Courtesy of Sam Miller

Band members high-five students at Metro Catholic Elementary School in Cleveland, Ohio. The band helped to paint the school playground, and gave a private performance to the students.

The band members especially enjoyed their time working with Metro Catholic Elementary School and Laura’s House, an emergency shelter for women and children escaping domestic violence, Miller said.

“At these locations, we were able to directly work and engage with the people we were serving,” she said. “We played games with the kids at these locations and also played concerts.”

These projects brought members of the band closer to the Cleveland community, as well as to each other, Miller said.

“When band members come together to serve a community, it forms a bond bringing people from various backgrounds and sections together to achieve a common good,” Miller said.

Saint Mary’s junior Allison Okeley, another service commissioner, said this sense of community was cultivated during the long Cardinal bus ride from South Bend to Cleveland as well as through the generosity of the Notre Dame alumni from the Notre Dame Club of Cleveland, who hosted the band members in their homes for two nights.

The sleeping arrangements varied from night to night, Okeley said, with all 44 band members spending one night on a gymnasium floor. Another night, eight members were hosted by a Notre Dame alum and member of the Notre Dame Club of Cleveland whose property was large enough to double as hunting grounds, she said.

“They had separate wings to their house,” Okeley said. “Each one of those eight boys got their own room.”

As acting service commissioners, Okeley said she, Miller and Notre Dame junior Daniel Griffin were in charge of planning every aspect of the service trip.

“Something that’s actually really cool about it is that the trip is entirely student-run and student-led,” she said. “All three of us planned pretty much every detail of the trip, down to where the bus parks, where we ate, how much money we were going to spend on things, the different homestays, who was staying with whom.”

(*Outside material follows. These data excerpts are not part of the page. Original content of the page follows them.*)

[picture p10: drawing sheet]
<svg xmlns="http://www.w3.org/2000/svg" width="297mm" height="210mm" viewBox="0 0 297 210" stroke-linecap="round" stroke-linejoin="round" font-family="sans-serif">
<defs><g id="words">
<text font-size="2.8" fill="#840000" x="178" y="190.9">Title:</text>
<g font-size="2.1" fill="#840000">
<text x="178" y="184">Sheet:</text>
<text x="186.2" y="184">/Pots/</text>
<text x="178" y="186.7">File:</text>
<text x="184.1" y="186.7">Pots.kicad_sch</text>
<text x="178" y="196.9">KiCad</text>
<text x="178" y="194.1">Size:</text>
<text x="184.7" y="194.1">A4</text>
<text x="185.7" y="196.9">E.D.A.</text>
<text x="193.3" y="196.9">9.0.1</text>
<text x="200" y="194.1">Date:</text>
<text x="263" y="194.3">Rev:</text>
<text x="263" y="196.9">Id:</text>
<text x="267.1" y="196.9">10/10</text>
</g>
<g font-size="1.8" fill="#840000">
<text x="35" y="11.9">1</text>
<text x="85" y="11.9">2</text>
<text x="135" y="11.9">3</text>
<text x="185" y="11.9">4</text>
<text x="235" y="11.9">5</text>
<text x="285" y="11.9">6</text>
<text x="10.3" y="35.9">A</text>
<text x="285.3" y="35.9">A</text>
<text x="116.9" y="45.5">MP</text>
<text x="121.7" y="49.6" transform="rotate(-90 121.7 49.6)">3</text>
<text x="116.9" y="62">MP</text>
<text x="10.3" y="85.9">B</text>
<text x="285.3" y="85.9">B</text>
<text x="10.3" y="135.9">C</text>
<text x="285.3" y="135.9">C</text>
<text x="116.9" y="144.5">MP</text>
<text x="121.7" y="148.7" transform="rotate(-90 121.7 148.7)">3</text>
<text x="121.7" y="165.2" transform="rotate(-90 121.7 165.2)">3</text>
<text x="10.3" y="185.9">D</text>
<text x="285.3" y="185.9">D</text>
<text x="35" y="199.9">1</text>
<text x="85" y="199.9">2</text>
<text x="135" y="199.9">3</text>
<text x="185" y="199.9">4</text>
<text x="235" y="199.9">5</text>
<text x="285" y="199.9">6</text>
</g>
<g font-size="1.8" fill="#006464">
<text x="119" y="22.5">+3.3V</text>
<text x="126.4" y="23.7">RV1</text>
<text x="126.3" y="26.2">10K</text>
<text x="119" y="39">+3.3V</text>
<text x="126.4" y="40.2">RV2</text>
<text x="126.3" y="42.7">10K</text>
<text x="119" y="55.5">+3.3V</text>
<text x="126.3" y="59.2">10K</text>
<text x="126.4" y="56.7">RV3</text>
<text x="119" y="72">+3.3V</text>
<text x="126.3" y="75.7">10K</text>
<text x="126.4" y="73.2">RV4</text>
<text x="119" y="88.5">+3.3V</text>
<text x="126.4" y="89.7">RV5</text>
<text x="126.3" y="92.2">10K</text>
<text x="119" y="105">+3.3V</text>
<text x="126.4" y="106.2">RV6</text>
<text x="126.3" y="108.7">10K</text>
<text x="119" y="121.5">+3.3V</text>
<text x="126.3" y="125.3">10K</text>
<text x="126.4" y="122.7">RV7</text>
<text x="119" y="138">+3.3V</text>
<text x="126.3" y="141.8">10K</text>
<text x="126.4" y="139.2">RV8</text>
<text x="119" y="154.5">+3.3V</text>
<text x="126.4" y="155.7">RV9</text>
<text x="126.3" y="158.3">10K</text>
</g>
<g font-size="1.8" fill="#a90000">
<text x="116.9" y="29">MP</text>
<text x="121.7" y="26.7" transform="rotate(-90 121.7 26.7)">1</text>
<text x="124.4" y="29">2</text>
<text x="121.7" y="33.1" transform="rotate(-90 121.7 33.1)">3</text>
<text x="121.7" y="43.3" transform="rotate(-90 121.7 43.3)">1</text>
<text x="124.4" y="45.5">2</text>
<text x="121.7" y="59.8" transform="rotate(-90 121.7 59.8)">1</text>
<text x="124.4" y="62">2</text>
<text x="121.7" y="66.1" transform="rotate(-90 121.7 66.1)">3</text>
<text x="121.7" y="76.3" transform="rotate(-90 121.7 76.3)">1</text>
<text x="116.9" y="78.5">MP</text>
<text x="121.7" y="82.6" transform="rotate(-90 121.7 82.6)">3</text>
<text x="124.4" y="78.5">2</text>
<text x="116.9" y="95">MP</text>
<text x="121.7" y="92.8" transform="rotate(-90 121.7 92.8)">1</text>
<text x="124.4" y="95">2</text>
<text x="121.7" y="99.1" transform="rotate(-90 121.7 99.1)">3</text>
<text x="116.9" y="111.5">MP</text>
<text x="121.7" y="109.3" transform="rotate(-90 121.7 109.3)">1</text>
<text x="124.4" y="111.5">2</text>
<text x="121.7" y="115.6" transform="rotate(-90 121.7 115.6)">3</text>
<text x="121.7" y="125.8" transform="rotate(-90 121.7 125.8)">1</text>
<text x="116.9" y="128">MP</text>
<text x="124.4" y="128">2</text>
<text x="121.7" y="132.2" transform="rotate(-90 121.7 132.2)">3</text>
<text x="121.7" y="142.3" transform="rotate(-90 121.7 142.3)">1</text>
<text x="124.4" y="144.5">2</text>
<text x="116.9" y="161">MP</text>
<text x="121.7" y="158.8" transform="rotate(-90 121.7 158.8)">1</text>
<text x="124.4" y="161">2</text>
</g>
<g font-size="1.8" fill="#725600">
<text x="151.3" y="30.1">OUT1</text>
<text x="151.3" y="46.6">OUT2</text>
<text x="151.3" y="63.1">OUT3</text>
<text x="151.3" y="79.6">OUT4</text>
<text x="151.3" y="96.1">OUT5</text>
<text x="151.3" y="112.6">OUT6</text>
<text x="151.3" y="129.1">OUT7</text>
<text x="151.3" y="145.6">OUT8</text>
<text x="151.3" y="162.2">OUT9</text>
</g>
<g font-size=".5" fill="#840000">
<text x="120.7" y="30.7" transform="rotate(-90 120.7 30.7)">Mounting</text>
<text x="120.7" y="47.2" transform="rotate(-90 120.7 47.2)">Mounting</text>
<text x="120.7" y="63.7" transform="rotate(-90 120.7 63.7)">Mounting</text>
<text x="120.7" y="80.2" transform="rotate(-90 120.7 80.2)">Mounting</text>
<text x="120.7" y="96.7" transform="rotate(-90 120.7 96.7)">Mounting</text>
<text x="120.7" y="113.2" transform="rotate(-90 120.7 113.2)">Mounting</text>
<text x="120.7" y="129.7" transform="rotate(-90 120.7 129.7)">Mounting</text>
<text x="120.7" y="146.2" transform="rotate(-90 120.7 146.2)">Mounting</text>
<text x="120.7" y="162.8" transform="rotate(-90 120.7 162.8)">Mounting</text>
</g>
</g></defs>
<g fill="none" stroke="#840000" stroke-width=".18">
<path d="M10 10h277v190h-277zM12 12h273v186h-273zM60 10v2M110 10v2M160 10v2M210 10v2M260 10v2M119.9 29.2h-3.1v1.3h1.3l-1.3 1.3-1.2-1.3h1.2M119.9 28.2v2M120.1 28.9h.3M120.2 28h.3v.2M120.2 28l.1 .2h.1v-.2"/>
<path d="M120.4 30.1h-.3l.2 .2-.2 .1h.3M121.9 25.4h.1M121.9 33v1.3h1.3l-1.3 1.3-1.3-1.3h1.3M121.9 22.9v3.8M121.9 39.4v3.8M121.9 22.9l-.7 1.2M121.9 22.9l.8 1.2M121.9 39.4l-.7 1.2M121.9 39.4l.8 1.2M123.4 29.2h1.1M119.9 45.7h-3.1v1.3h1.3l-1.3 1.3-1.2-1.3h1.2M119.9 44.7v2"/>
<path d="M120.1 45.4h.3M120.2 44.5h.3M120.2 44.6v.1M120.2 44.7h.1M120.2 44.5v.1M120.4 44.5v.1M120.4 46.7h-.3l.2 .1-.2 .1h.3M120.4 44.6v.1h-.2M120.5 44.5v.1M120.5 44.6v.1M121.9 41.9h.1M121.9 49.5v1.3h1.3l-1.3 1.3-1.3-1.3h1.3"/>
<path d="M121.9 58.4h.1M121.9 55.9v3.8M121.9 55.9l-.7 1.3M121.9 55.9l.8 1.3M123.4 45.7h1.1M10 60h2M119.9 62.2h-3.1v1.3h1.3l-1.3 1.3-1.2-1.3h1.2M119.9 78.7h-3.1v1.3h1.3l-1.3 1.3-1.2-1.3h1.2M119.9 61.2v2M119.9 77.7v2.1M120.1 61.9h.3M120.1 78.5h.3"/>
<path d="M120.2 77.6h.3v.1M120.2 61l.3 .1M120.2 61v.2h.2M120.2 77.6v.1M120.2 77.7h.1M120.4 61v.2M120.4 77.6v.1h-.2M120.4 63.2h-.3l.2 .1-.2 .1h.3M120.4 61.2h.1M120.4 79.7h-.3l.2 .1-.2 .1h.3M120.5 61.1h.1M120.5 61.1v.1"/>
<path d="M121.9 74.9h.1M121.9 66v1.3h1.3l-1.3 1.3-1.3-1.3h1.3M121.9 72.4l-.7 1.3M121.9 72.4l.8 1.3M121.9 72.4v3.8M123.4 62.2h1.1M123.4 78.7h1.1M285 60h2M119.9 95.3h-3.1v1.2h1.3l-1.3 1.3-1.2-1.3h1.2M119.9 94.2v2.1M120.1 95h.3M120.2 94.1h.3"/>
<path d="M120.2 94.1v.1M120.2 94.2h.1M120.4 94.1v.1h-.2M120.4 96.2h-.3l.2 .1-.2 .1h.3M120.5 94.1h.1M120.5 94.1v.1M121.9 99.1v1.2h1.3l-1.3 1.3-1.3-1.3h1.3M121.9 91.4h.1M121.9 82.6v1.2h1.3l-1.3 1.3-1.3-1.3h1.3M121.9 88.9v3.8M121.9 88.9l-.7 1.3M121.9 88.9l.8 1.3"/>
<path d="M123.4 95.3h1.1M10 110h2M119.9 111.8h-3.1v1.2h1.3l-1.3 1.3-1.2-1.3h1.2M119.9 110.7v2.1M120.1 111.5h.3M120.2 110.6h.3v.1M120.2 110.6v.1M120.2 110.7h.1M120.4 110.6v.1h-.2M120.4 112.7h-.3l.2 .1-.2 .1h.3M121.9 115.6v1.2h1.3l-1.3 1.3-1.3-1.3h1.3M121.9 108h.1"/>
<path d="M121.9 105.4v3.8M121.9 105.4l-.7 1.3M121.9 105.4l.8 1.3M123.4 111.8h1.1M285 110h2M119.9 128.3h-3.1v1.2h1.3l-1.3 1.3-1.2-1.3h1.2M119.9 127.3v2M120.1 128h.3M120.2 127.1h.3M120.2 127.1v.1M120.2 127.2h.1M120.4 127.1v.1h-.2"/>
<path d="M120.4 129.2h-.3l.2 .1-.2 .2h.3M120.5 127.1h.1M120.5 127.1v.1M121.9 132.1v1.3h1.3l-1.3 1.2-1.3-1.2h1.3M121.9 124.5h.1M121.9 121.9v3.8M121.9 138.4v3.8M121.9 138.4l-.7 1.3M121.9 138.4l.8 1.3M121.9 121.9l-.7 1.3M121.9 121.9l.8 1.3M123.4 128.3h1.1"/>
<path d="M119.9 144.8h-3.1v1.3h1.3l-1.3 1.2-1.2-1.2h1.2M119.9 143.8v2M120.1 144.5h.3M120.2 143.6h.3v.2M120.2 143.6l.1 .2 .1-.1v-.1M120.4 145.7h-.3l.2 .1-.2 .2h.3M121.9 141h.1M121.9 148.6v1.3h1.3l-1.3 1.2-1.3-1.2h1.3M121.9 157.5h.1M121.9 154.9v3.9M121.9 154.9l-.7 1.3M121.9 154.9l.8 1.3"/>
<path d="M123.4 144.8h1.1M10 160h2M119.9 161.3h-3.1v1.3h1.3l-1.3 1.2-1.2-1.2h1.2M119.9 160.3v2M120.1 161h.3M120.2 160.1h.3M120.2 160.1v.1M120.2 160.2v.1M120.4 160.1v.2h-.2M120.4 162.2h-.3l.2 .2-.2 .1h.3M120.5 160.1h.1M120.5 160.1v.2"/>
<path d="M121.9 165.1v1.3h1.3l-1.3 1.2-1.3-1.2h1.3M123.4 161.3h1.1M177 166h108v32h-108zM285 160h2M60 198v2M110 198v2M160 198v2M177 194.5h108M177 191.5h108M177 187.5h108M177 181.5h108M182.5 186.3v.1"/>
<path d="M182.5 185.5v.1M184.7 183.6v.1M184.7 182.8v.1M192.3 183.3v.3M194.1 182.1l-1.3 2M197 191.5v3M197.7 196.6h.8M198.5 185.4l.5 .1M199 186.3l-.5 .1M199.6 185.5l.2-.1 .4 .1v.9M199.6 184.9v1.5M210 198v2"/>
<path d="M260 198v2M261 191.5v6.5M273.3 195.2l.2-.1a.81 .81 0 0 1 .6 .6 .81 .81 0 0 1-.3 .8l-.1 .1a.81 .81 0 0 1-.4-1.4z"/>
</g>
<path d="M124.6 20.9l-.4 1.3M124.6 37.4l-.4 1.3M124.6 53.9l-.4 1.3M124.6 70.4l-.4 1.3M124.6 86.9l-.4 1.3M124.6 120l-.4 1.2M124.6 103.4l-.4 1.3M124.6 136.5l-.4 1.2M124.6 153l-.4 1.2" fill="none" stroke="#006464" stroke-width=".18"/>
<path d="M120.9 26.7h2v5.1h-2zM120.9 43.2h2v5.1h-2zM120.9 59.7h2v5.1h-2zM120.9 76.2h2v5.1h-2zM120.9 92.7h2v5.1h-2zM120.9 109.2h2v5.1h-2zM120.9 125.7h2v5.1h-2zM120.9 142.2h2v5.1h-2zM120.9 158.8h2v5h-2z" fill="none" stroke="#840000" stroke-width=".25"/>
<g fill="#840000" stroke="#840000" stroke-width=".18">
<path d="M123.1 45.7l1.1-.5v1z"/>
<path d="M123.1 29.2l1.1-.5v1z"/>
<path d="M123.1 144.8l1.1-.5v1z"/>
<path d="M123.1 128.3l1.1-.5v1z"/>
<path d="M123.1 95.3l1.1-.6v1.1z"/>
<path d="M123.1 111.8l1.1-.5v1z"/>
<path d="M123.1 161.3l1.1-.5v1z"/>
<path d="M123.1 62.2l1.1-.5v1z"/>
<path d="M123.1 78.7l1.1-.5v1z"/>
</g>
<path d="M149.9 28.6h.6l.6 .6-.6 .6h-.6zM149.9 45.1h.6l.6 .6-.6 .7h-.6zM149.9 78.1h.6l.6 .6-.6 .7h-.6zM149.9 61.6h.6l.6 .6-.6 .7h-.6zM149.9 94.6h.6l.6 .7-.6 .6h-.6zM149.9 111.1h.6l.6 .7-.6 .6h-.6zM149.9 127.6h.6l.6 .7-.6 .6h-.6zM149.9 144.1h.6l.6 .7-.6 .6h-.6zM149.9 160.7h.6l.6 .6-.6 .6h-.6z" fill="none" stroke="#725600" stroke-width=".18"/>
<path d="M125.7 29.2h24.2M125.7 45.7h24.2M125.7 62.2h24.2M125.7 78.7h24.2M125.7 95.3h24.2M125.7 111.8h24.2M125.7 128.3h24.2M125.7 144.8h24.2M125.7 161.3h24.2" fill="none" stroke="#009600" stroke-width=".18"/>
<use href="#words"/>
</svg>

The trip provided band members with the unique opportunity to travel outside of the tri-campus community, popping the collegiate “bubble,” Okeley said.

“Doing service trips just is a fun way to get out of the community and do something different,” she said. “So the service trip is one of the only events that we do that is not focused around our instruments. It’s a lot of very typical service, and it gets out into a different community other than Notre Dame.”

The four days spent on the road and in the Cleveland community also allowed the band members to build relationships across sections, bringing players of all different instruments in the band closer together, Okeley said.

“Something that is really cool with this trip specifically is that it allows you to meet a lot of different people in different sections and with different age groups” she said. “We spent a lot of the time in the gym. We played a big game of knockout but then we also just spent a lot of time talking. … I talked to people that I had never talked to before and got to get to know them.”